____ RECORDS

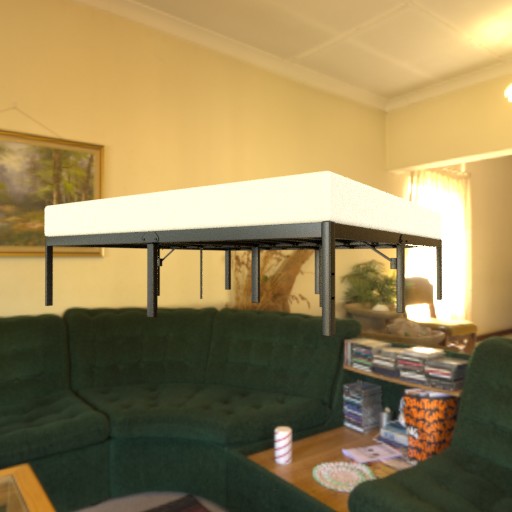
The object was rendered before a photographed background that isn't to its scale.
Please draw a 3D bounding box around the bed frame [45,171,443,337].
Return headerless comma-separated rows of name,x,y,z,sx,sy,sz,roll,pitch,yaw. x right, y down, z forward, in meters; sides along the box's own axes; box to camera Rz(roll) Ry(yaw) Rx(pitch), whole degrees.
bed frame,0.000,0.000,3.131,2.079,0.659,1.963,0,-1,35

________
____ RECORDS

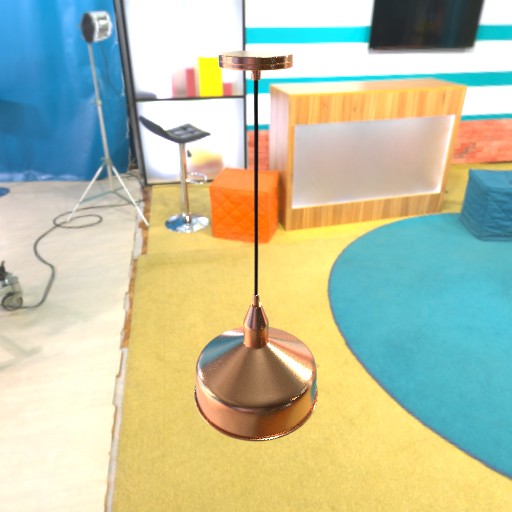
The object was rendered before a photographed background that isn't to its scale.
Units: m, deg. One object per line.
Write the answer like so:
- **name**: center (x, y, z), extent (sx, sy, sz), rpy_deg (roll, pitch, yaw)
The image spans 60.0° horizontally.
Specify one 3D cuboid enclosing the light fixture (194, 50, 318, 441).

________

## WORK TASK:
Reproduce the entries above exactly, but only the lines between the line holding "Units: m, deg. One object per line." and the line holding "Specify one 3D", inclusive.

## ANSWER AREA:
Units: m, deg. One object per line.
Write the answer like so:
- **name**: center (x, y, z), extent (sx, sy, sz), rpy_deg (roll, pitch, yaw)
The image spans 60.0° horizontally.
Specify one 3D cuboid enclosing the light fixture (194, 50, 318, 441).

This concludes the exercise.